■ DATA
——————

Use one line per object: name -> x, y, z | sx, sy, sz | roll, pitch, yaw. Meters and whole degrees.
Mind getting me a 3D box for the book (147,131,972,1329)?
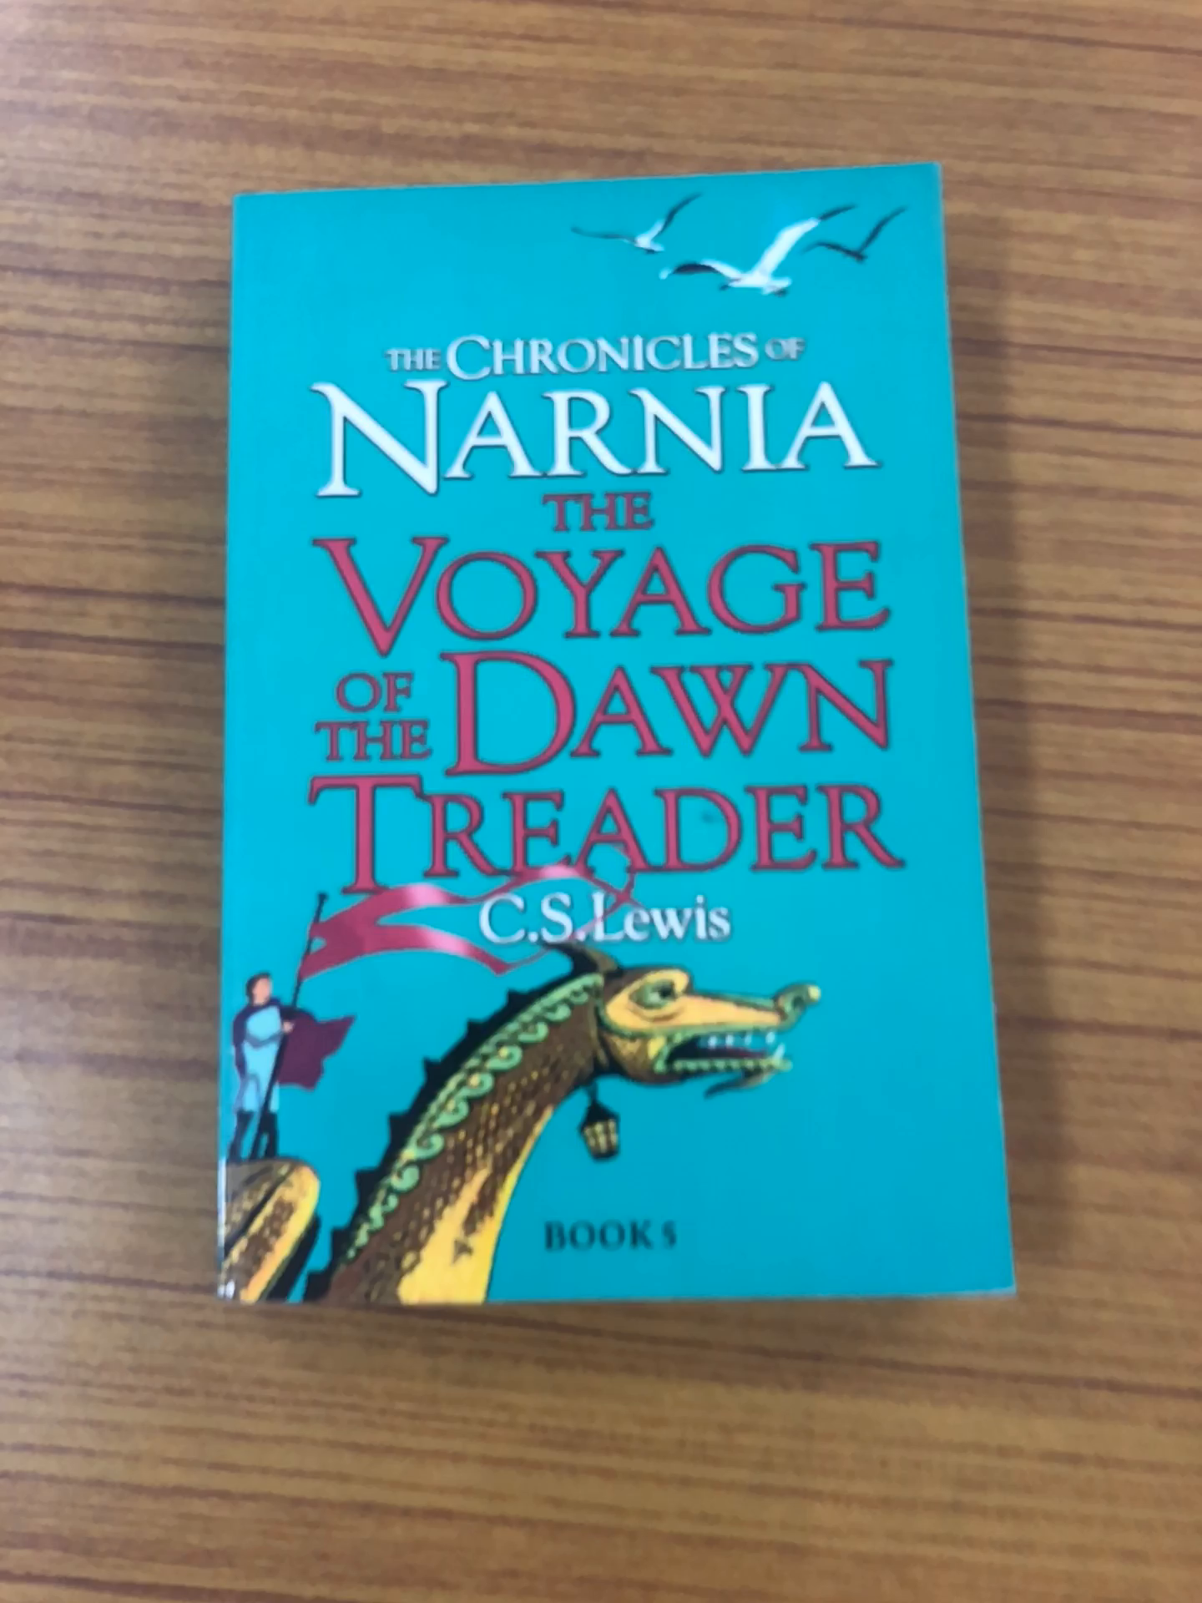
book -> -0.010, -0.016, 0.243 | 0.130, 0.030, 0.200 | -2, 82, 0

——————

■ TASK STATEMENT
All lines from the line with "Mind getting me" through the final line of the data, both included, are to be repeated exactly; no other lines and no pictures.

■ FINISHED EXERCISE
Mind getting me a 3D box for the book (147,131,972,1329)?
book -> -0.010, -0.016, 0.243 | 0.130, 0.030, 0.200 | -2, 82, 0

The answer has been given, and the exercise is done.